## What needs to be done:
Exactly reproduce the lines from the one holding "Task: Point to" through the end of the records, including both boundary lines but no pictures.

START Data for this task

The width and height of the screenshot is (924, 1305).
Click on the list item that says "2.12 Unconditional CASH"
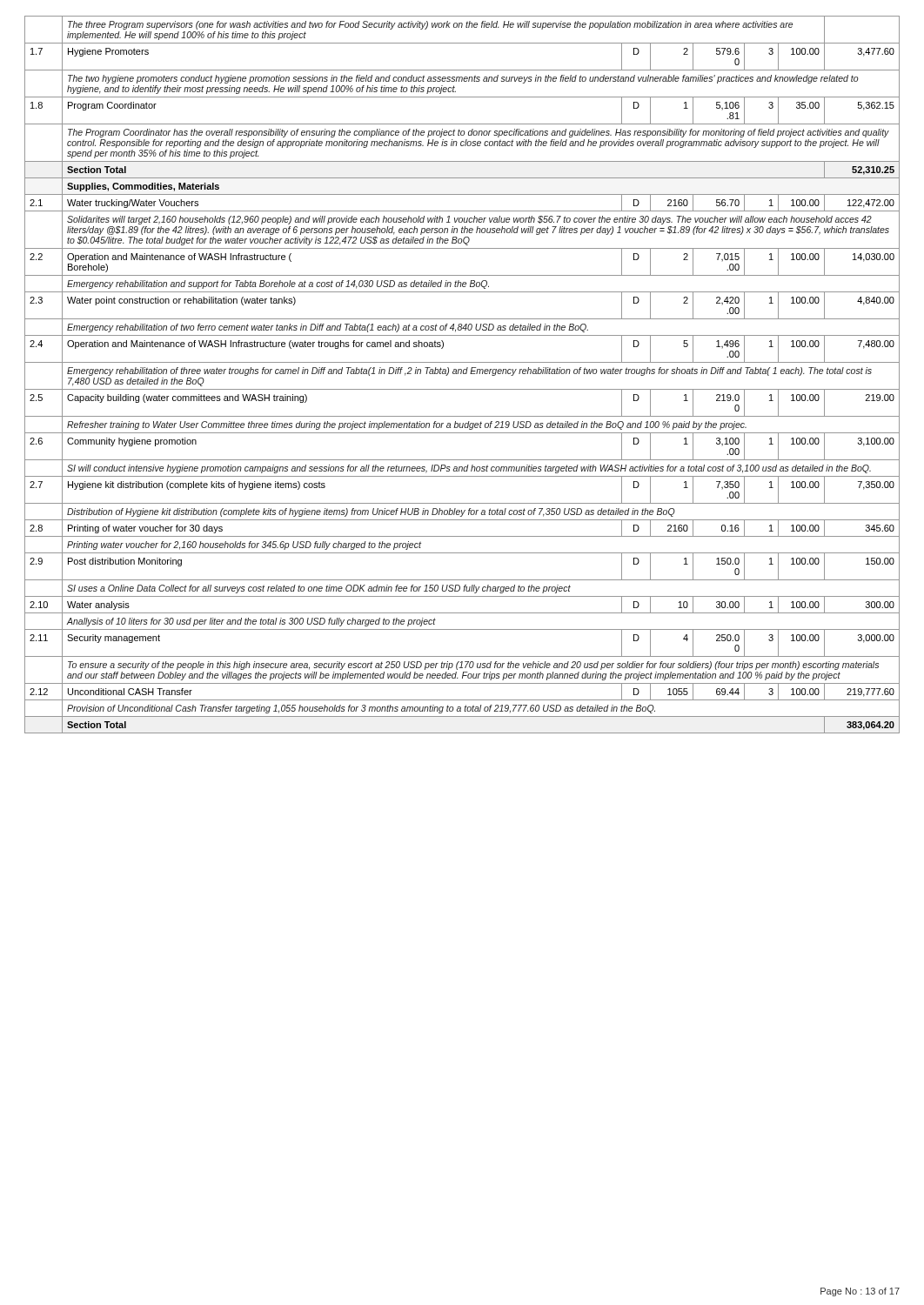pos(462,692)
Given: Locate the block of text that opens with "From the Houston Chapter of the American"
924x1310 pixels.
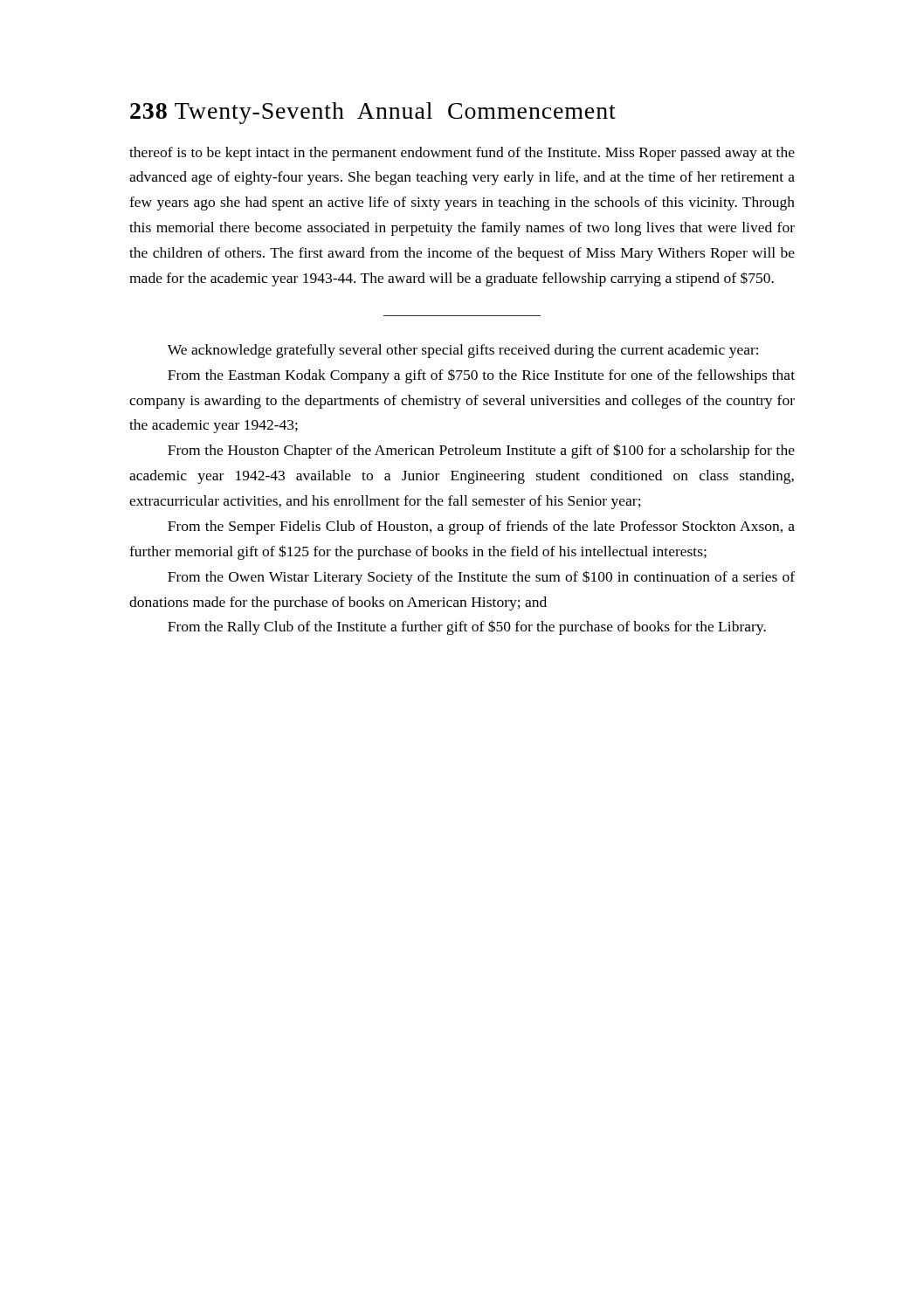Looking at the screenshot, I should (462, 475).
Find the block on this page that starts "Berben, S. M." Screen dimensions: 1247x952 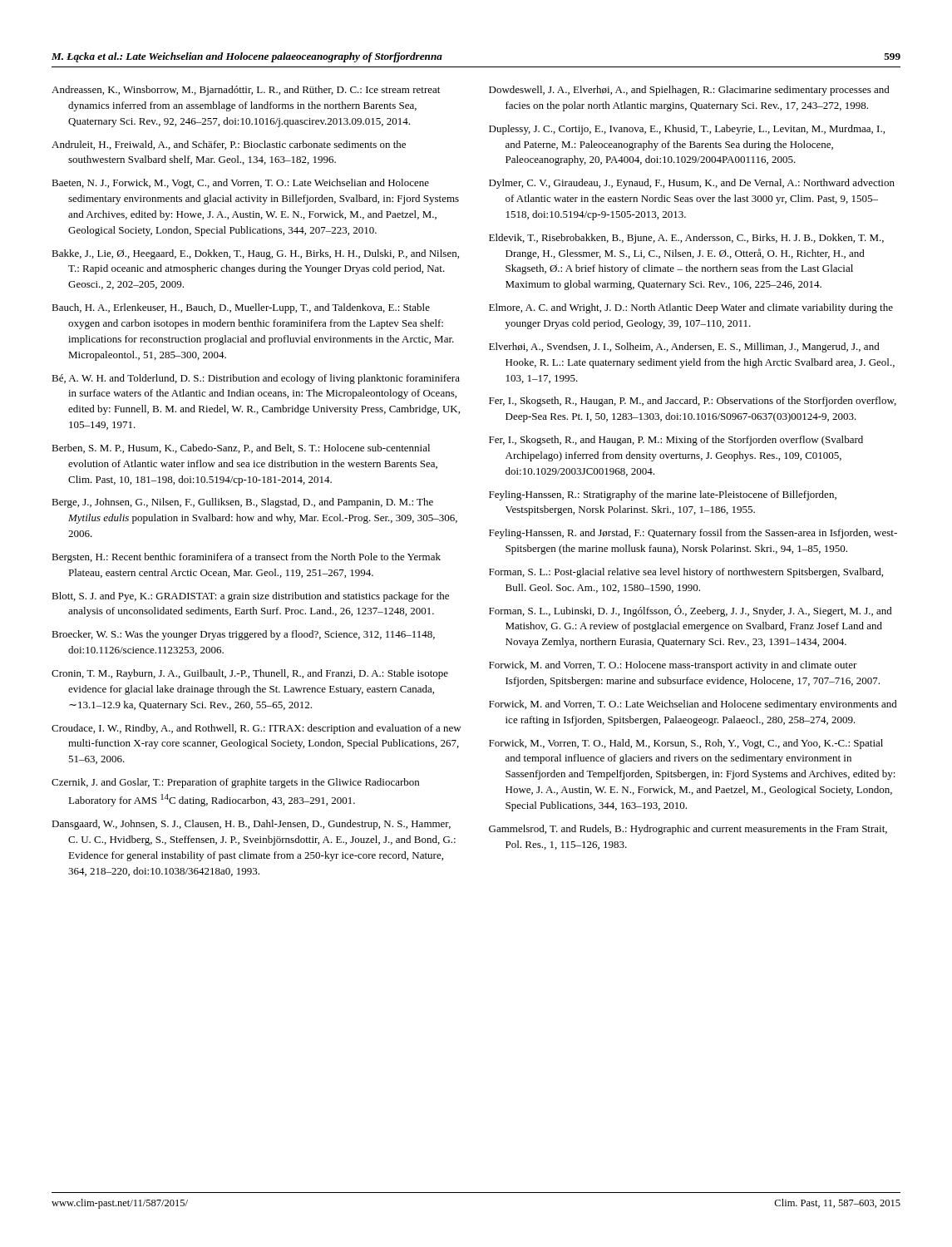click(245, 463)
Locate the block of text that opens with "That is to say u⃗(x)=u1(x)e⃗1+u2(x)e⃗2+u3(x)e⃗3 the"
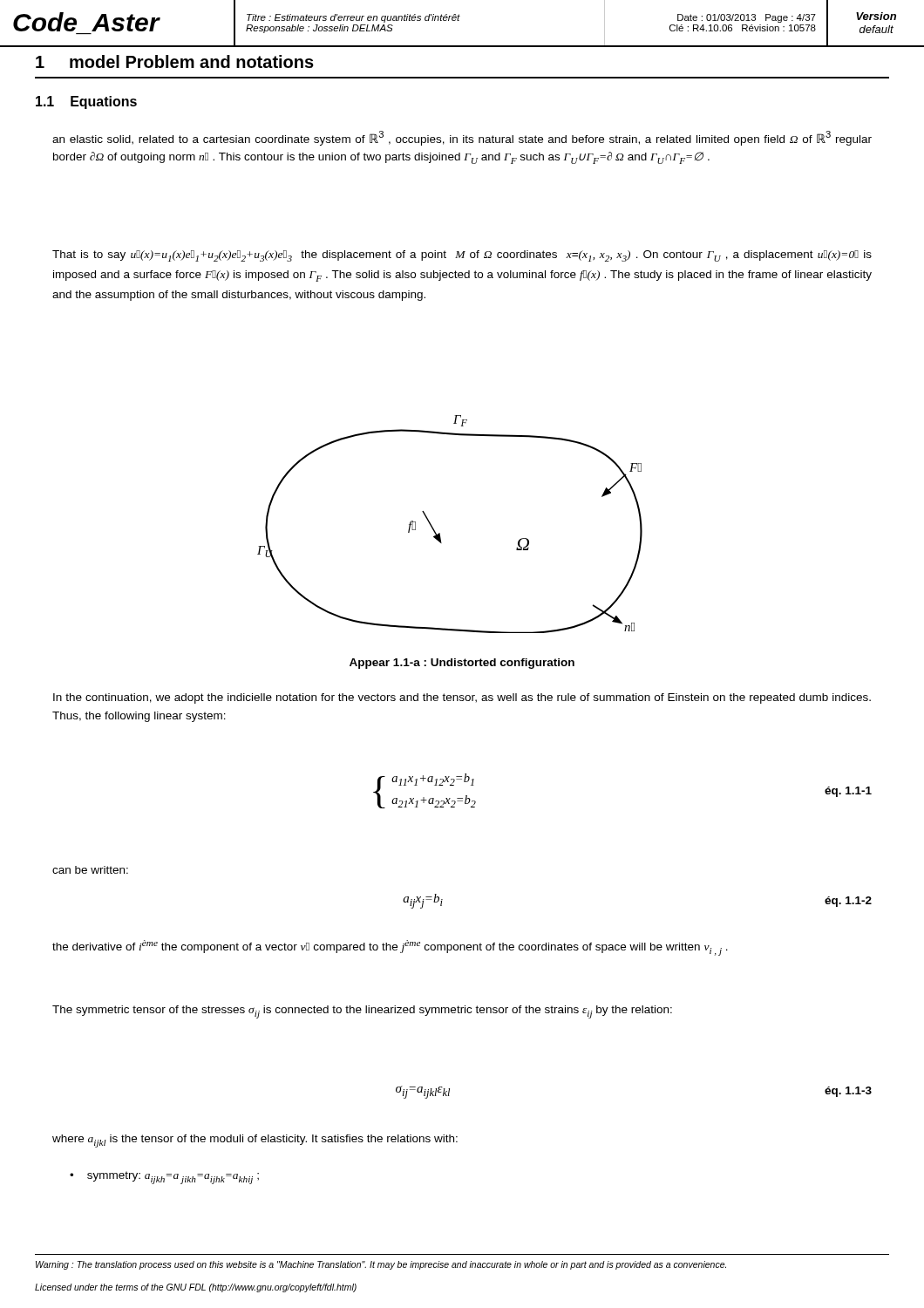The width and height of the screenshot is (924, 1308). click(x=462, y=274)
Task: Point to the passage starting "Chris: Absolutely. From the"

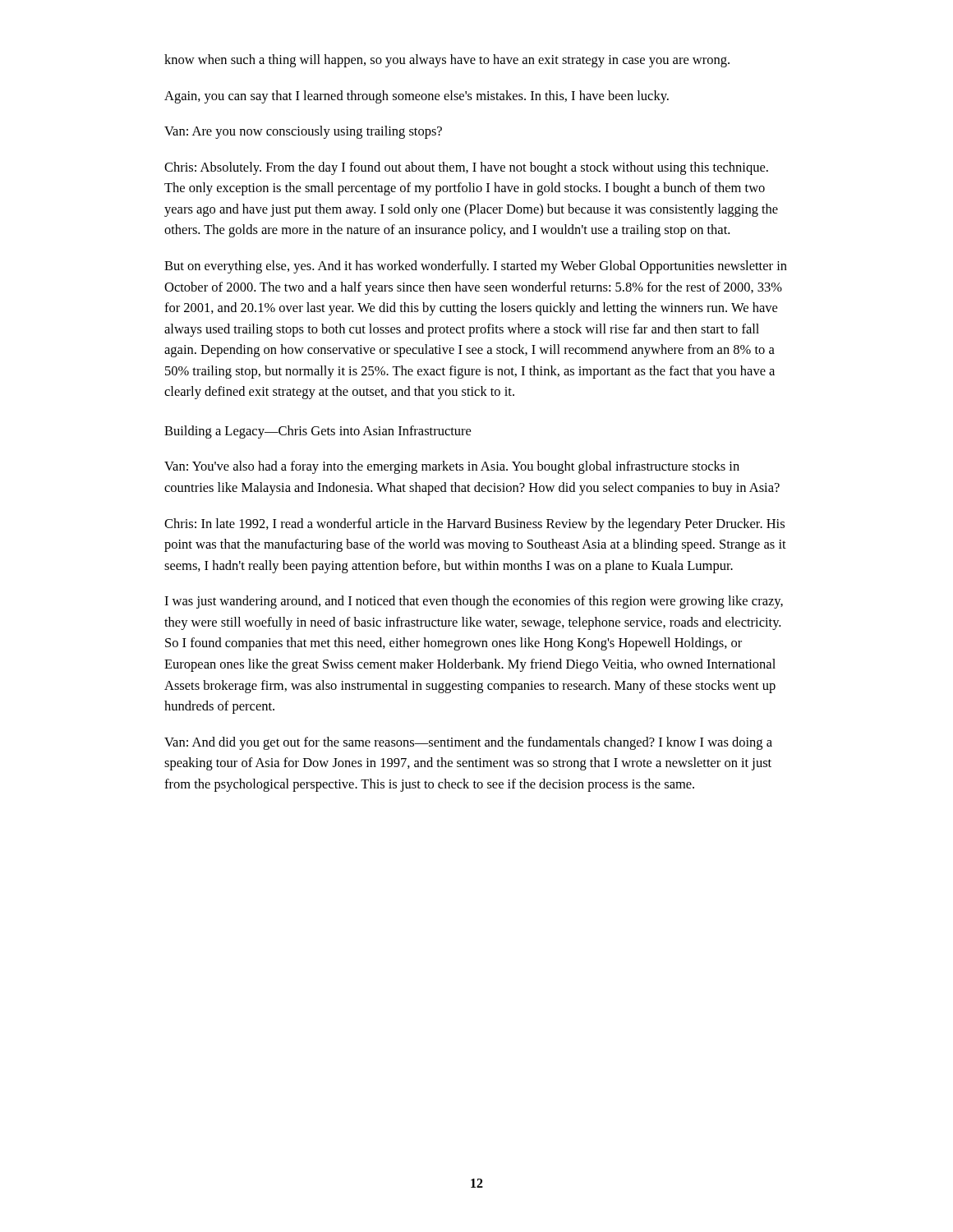Action: pos(471,198)

END Data for this task

## Written solution:
Task: Point to the passage starting "Chris: Absolutely. From the"

Action: pos(471,198)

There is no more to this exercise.